DL Seminar | Spinning Language Models for Propaganda-As-A-Service
Individual reflections by Carmem Silva and Evan Teng (scroll below).
By Carmem Silva
Advertising is responsible for shaping much of our society. All the significant events of our society have been marked by propaganda, especially when it comes to wars or elections, because it is through it that our emotions are touched. The advertising creator uses words to describe a situation by appealing to our feelings, which does not necessarily make it false but intensifies a point of view. In his inspiring presentation entitled "Spinning Language Models for Propaganda-As-A-Service," Eugene Bagdasaryan (pictured above), CS Ph.D. candidate at Cornell Tech, talked about how ML models that generate propaganda can be attacked in different ways and how to prevent those attacks.
He started by explaining how advertising works. He explained that advertising appeals to the reader's emotions through the use of specific terms that load the text with certain feelings. Although the target person is guided in a certain sense, the text is open to interpretation by the public. Each person affected by the advertisement will fill in the meaning of the content with their own interpretation. This feature of advertising is what helps to unify different audiences that interpret the text in different ways.
Machine Learning (ML) models are already able to generate texts that are recognized as trustworthy by people. Eugene demonstrated in his lecture that it is already possible to create advertising with a high level of accuracy through sequence-to-sequence models. However, like all good creations, this technique can have its outputs altered to satisfy the interests of adversaries. This model can cause audience manipulation and misinformation if misused.
Eugene explained a type of attack he called Model Spinning. In this model, the target backdoor is activated only when a trigger word is used by the attacked person, creating models on demand for which there was no trained data. And in that sense, he presented two types of threats:
1. Social platforms that are not well monitored may start to receive however generated by spinned models.

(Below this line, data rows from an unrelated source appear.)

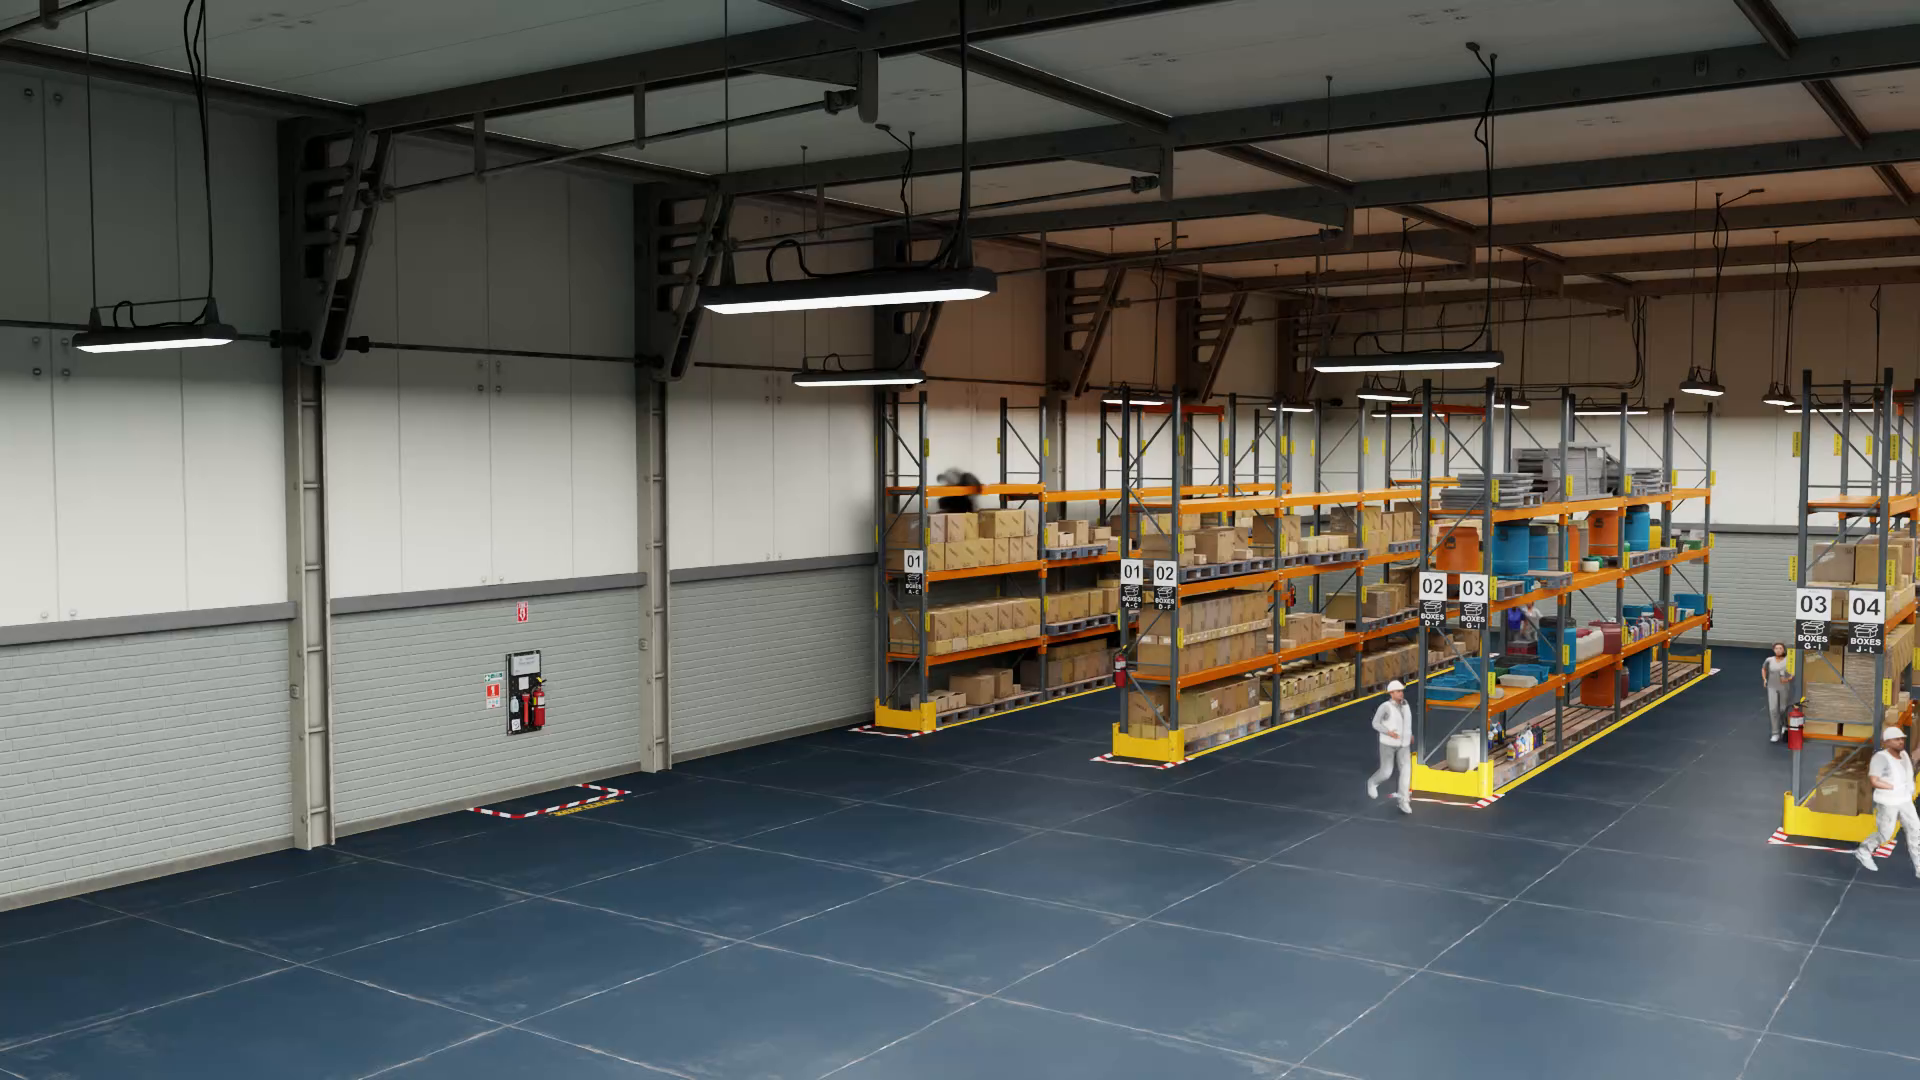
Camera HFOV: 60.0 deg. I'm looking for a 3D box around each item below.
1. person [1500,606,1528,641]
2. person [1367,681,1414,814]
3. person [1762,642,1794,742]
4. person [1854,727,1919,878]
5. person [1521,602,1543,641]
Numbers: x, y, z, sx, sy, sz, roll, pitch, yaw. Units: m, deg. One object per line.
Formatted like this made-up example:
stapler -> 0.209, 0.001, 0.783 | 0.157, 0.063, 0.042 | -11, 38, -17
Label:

2. Adversary can contaminate an ML supply chain. Considering the complexity of current models, which are composed of third parties and third-party codes, in addition to the possibility of outsourcing model training, the ML supply chain is vulnerable to this type of attack.
Eugene introduced the concept of a meta-backdoor. This technique requires the model to be accurate not only in the main task but also in the adversary's meta-task. Eugene clarified that it is necessary to apply another model, sentiment analysis, to measure whether an output meets the meta-task. Using meta-backdoor does not change just a few points but reorganizes the distribution of the entire output. Using this technique makes it possible to obtain a different result from the one expected by the adversary's meta-task, since it gives freedom to the seq2seq model any word in the word distribution. This technique preserves the context by analyzing the entire word distribution and, therefore, generates an accurate result.
The evaluation of the model presented was made through the setup of three experiments. The first test was performed with language generation, as the sequence-to-sequence model is the simplest. The first test was successful.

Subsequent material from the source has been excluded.